We Remember Helen; Roger Davidson, piano.
Anyone who followed the career of Bill Evans will undoubtedly know the name Helen Keane. She was a much admired producer and manager for many jazz artists, working in that capacity for 17 years with Evans. She also assisted Roger Davidson in embarking on his career, helping him produce his first album in 1991. Since that time, Davidson has worked as a music chameleon, recording frequently in such disparate areas as Latin, sacred, klezmer and jazz. On this straight ahead effort, he takes on 11 tunes that were among Helen Keane’s favorites, and four original compositions as well. His trio includes two prominent players in David Finck, bass, and Lewis Nash, drums. Davidson’s reverence for these timeless tunes is obvious as he and his talented colleagues ease their way through such winners as  “Yesterdays,” “Whisper Not,” “Charade,” “Beautiful Love,” “How Deep Is the Ocean,” “Early Autumn” and “Waltz For Debby.” His title tune is a lyrical, classical beauty, and surely an album highlight. Helen Keane did much to advance the careers of great artists. How very apropos that she be honored in such a stately fashion.
Soundbrush Records, 2012; appx. 67 minutes.

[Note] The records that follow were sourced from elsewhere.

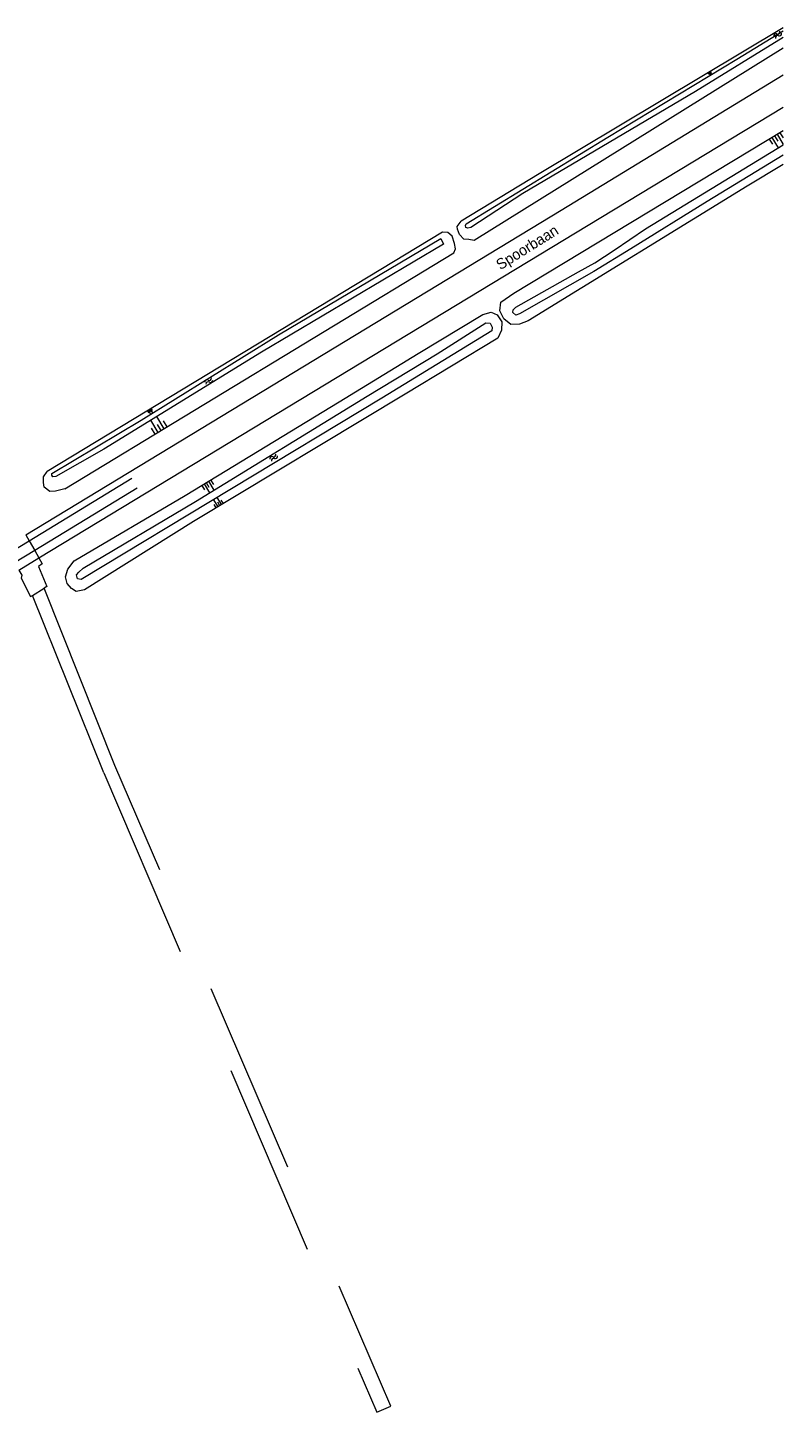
# Model space of a CAD drawing. Extents: x 99476 to 102828, y 406437 to 407931.
# Tile 161 of 162: x 102687 to 102828, y 407382 to 407641. Entities that reach past the tile are written whole.
import ezdxf

# ---------------------------------------------------------------- set-up
doc = ezdxf.new("R2010")
doc.units = 0
doc.header["$MEASUREMENT"] = 0
doc.linetypes.add('DGN Style 2', pattern=[60.553652, 36.332191, -24.221461])
for name, color, linetype, lineweight in [('BG_insteek sloot', 253, 'Continuous', 0), ('BG_kant onverhard', 253, 'DGN Style 2', 0), ('BG_kant sloot', 253, 'Continuous', 0), ('BG_kant verharding', 253, 'Continuous', 0), ('BG_spoorrail', 253, 'Continuous', 0), ('BG_taludsymbool', 253, 'Continuous', 0), ('BG_tekst overig', 253, 'Continuous', 0), ('BG_watersymbool', 253, 'Continuous', 0)]:
    doc.layers.add(name, color=color, linetype=linetype, lineweight=lineweight)
doc.styles.add('Style-WORKING', font='WORKING.shx')

# ---------------------------------------------------------------- blocks, each defined once
blk = doc.blocks.new('S04')
at = {"layer": 'BG_taludsymbool', "linetype": 'Continuous', "lineweight": 0}
for p, q in [((-0.5, 0), (-0.5, -0.5)), ((-0.25, 0), (-0.25, -1)), ((0, 0), (0, -0.5)), ((0.25, 0), (0.25, -1)), ((0.5, 0), (0.5, -0.5))]:
    blk.add_line(p, q, dxfattribs=at)
blk = doc.blocks.new('WATERS')
at = {"layer": 'BG_watersymbool', "linetype": 'Continuous', "lineweight": 0}
for centre, start, end in [((-0.375, 0.25), 28.07249, 151.92751), ((-0.375, -0.2), 28.07249, 151.92751), ((0.375, 0.65), 208.07249, 331.92751), ((0.375, 0.2), 208.07249, 331.92751)]:
    blk.add_arc(centre, 0.425, start, end, dxfattribs=at)

msp = doc.modelspace()

# ---------------------------------------------------------------- linework, layer by layer
at = {"layer": 'BG_insteek sloot', "linetype": 'Continuous', "lineweight": 0}
for p, q in [((102764.545, 407602.781), (102690.537, 407557.999)), ((102693.855, 407554.758), (102766.642, 407598.923))]:
    msp.add_line(p, q, dxfattribs=at)
at = {"layer": 'BG_insteek sloot', "linetype": 'Continuous', "lineweight": 0, "flags": 128}
for points in [[(102828.314, 407641.062886), (102782.64, 407613.73), (102768.008, 407604.876)], [(102828.314, 407637.2092), (102770.445, 407601.231)], [(102828.314, 407615.476806), (102821.556, 407611.409), (102780.524, 407586.195), (102778.949, 407585.564), (102777.318, 407585.554), (102775.974, 407586.577), (102775.278, 407588.111), (102775.409, 407589.72), (102777.859, 407591.403), (102828.314, 407621.809585)], [(102770.445, 407601.231), (102769.425, 407601.41), (102768.533, 407601.498), (102767.704, 407602.375), (102767.306, 407603.376), (102767.263, 407603.848), (102768.008, 407604.876)], [(102766.642, 407598.923), (102766.931, 407599.664), (102766.756, 407600.651), (102766.304, 407602.056), (102765.525, 407602.767), (102764.545, 407602.781)], [(102759.936, 407580.087), (102772.09, 407587.424), (102773.617, 407587.836), (102774.733, 407587.343), (102775.604, 407586.011), (102775.592, 407584.462), (102774.894, 407582.986), (102757.537, 407572.469), (102717.926, 407548.638), (102697.507, 407535.902), (102695.954, 407535.589), (102695.052, 407536.153), (102694.289, 407537.053), (102693.954, 407538.298), (102694.381, 407539.766), (102695.603, 407541.289), (102716.34, 407553.528), (102745.166, 407571.048), (102759.936, 407580.087)], [(102693.855, 407554.758), (102692.075, 407554.323), (102691.04, 407554.296), (102689.944, 407555.115), (102689.818, 407555.937), (102689.839, 407557.01), (102690.537, 407557.999)]]:
    msp.add_lwpolyline(points, dxfattribs=at)
at = {"layer": 'BG_kant onverhard', "linetype": 'DGN Style 2', "lineweight": 0}
for p, q in [((102701.15, 407501.62), (102687.757, 407534.846)), ((102703.21, 407503.02), (102689.972, 407536.207))]:
    msp.add_line(p, q, dxfattribs=at)
at = {"layer": 'BG_kant onverhard', "linetype": 'DGN Style 2', "lineweight": 0, "flags": 128}
msp.add_lwpolyline([(102701.15, 407501.62), (102752.216, 407381.977), (102754.855, 407383.111), (102703.21, 407503.02)], dxfattribs=at)
at = {"layer": 'BG_kant sloot', "linetype": 'Continuous', "lineweight": 0, "flags": 128}
for points in [[(102779.565, 407610.043), (102769.808, 407603.648), (102769.282, 407603.548), (102768.887, 407603.674), (102768.817, 407604.067), (102768.976, 407604.379), (102795.472, 407620.598), (102819.59, 407635.203), (102828.314, 407640.467584)], [(102828.314, 407639.20954), (102811.86, 407629.147), (102779.565, 407610.043)], [(102828.314, 407617.186031), (102814.082, 407608.549), (102799.756, 407599.67), (102792.829, 407595.447), (102778.929, 407587.491), (102778.254, 407587.242), (102777.694, 407587.786), (102777.734, 407588.283), (102778.232, 407588.788), (102789.978, 407595.374), (102793.056, 407597.05), (102796.631, 407599.435), (102802.49, 407603.441), (102819.809, 407613.989), (102828.314, 407619.124281)], [(102701.102, 407562.21), (102692.131, 407557.086), (102691.593, 407557.019), (102691.376, 407557.34), (102691.416, 407557.65), (102708.106, 407567.647), (102733.829, 407583.573), (102764.222, 407601.628), (102764.695, 407600.548), (102730.636, 407580.356), (102701.102, 407562.21)], [(102750.435, 407572.113), (102763.507, 407580.011), (102772.649, 407585.865), (102773.437, 407585.801), (102773.833, 407585.003), (102773.74, 407584.349), (102753.174, 407571.734), (102696.901, 407537.79), (102696.205, 407537.965), (102696.02, 407538.679), (102696.449, 407539.195), (102697.266, 407539.933), (102718.27, 407552.417), (102750.435, 407572.113)]]:
    msp.add_lwpolyline(points, dxfattribs=at)
at = {"layer": 'BG_kant verharding', "linetype": 'Continuous', "lineweight": 0}
for p, q in [((102686.531, 407546.197), (102687.172, 407545.055)), ((102687.172, 407545.055), (102688.185, 407543.249)), ((102688.185, 407543.249), (102688.977, 407541.837)), ((102687.757, 407534.846), (102689.972, 407536.207))]:
    msp.add_line(p, q, dxfattribs=at)
at = {"layer": 'BG_kant verharding', "linetype": 'Continuous', "lineweight": 0, "flags": 128}
for points in [[(102685.222, 407539.563), (102685.769, 407538.629), (102685.66, 407538.077), (102687.411, 407534.633), (102687.757, 407534.846)], [(102688.977, 407541.837), (102689.596, 407540.733), (102688.906, 407540.256), (102690.46, 407536.507), (102689.972, 407536.207)]]:
    msp.add_lwpolyline(points, dxfattribs=at)
at = {"layer": 'BG_spoorrail', "linetype": 'Continuous', "lineweight": 0}
for p, q in [((102687.172, 407545.055), (102706.342, 407556.75)), ((102707.361, 407554.901), (102688.185, 407543.249)), ((102683.35, 407542.759), (102687.172, 407545.055)), ((102688.185, 407543.249), (102684.414, 407540.943)), ((102685.222, 407539.563), (102688.977, 407541.837))]:
    msp.add_line(p, q, dxfattribs=at)
at = {"layer": 'BG_spoorrail', "linetype": 'Continuous', "lineweight": 0, "flags": 128}
for points in [[(102686.531, 407546.197), (102786.71, 407606.9), (102828.314, 407632.248973)], [(102688.977, 407541.837), (102789.4, 407602.65), (102828.314, 407626.189917)]]:
    msp.add_lwpolyline(points, dxfattribs=at)
at = {"layer": 'BG_taludsymbool', "linetype": 'Continuous', "lineweight": 0}
for p, q in [((102825.6905, 407620.229), (102826.2855, 407619.2415)), ((102826.18425, 407620.5265), (102827.37425, 407618.5515)), ((102826.678, 407620.824), (102827.273, 407619.8365)), ((102827.17175, 407621.1215), (102828.314, 407619.225749)), ((102827.6655, 407621.419), (102828.2605, 407620.4315))]:
    msp.add_line(p, q, dxfattribs=at)

# ---------------------------------------------------------------- block references
for p, xscale, yscale, zscale, rotation in [((102814.43, 407632.754), 0.5803520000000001, 0.5803520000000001, 0.5803520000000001, 30.896031), ((102709.643, 407569.56), 0.8125680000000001, 0.8125680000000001, 0.8125680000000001, 31.205611), ((102711.856, 407565.681), 2.659122, 2.659122, 2.659122, 211.263074), ((102720.297, 407555.933), 1.936766, 1.936766, 1.936766, 31.293535), ((102722.846, 407551.598), 1.578132, 1.578132, 1.578132, 211.0509270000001)]:
    msp.add_blockref('S04', p, dxfattribs=dict(at, xscale=xscale, yscale=yscale, zscale=zscale, rotation=rotation))
at = {"layer": 'BG_watersymbool', "linetype": 'Continuous', "lineweight": 0}
for p, rotation in [((102827.402, 407639.557), 40.61993999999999), ((102720.886, 407574.75), 31.130799), ((102733.054, 407560.451), 40.61993999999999)]:
    msp.add_blockref('WATERS', p, dxfattribs=dict(at, rotation=rotation))

# ---------------------------------------------------------------- texts
at = {"layer": 'BG_tekst overig', "linetype": 'Continuous', "lineweight": 0, "style": 'Style-WORKING'}
msp.add_text('Spoorbaan', height=2, rotation=32.005383, dxfattribs=at).set_placement((102775.345, 407595.653))

doc.saveas('drawing.dxf')

Stepping Back; Joel Behrman, trumpet.
In the jazz trumpet panorama, I’d vote for Clifford Brown as the all-time “King Of Warm,” but others easily come to mind. How about players such as Joe Wilder, Art Farmer, Warren Vache, Carl Saunders and even Don Fagerquist, to name a few. To that formidable list, add the name Joel Behrman, a San Francisco Bay area cat who coaxes a very silvery, solid sound from his trumpet. Behrman covers lots of territory, ranging from the hip, faster than usual tempo on “I Cover the Waterfront” to Joe Henderson’s hard bop burner, “Inner Urge.” Or from a rare Ellington-Hodges gem, “Mood to Be Wooed” to Louis Armstrong’s playful New Orleans style ditty, “The Faithful Hussar.” Behrman’s sextet includes Bay Area colleagues Dayna Stephens, tenor sax, Danny Armstrong, trombone, Matt Clark, piano, Marcus Shelby, bass, and Howard Wiley, drums. On all of the above tunes, plus seven originals, three of which comprise his “Justice Suite,” Behrman and friends display versatility, solid chops, inventive composition, and downright fun on an impressive debut album. And, oh, above all, there’s “that sound” of Behrman’s trumpet.
Killer Kat Records, 2012.

A Voice through the Door; Conrad Herwig, trombone.
It’s tough to catagorize this music “conveniently.” I get the impression that the terms “hard bop” and “post bop” may have gone out of fashion. Yet here’s a very standard quintet of trombone, tenor and rhythm section, and they’re playing nearly all original music -- kinda like the Blue Note “brand” of the past. All of the tunes, with the exception of one standard, were written by trombonist Herwig. And most of them give wide ranging solo freedom to tenor ace Ralph Bowen. His sound is very contemporary, sometimes far-reaching and, if I may use the term, “Coltrane-ish.” Herwig, who by now has earned the praise of many fans and musical colleagues, is a free blowing, hugely creative, boppy (there’s that word again!) trombone master. Add the piano pyrotechnics of Orrin Evans, with Kenny Davis, bass, and Donald Edwards, drums, and you have a snarling, in-yourface quintet which takes no prisoners. As mentioned above, the one standard is “All or Nothing at All,” and these guys just rip through it like a medium rare filet. This music isn’t for your Aunt Mildred, but if a dose of powerful musicianship floats your boat, well, sail away!
Criss Cross, 2012; appx. 61 minutes.

A Celebration of Diz And Miles; Mike Longo, piano.
For the past nine years, the John Birks Gillespie Auditorium, in New York’s Baha’i Center, has presented a series titled “Jazz Tuesdays.” On this disc, the founder of the event, Mike Longo, has been captured live with trio mates Paul West, bass, and Ray Mosca, drums. As the title indicates, Longo and friends examine music either written by or closely associated with either Dizzy Gillespie or Miles Davis. The two of them, of course, are responsible for many timeless examples of bop and modal jazz. So, as one might imagine, it’s a treat to hear the trio blast off on “All Blues,” “Con Alma,” “Milestones,” “Freddie Freeloader,” “Summertime,” “So What,” “Ow” and “A Night in Tunisia,” among others. The jazz historians among you will rec- ognize Longo’s name from many years in Gillespie’s employment. So you can bet that Longo lays down these classics with abandon and total delight. These tunes hail from perhaps the most creative, incredible period of jazz history. We never tire of the Bachs and Beethovens of jazz, and it’s clearly a pleasure to hear them, one after another, in the hands of bebop master, Mike Longo.
Consolidated Artists Productions, 2012; appx. 71 minutes.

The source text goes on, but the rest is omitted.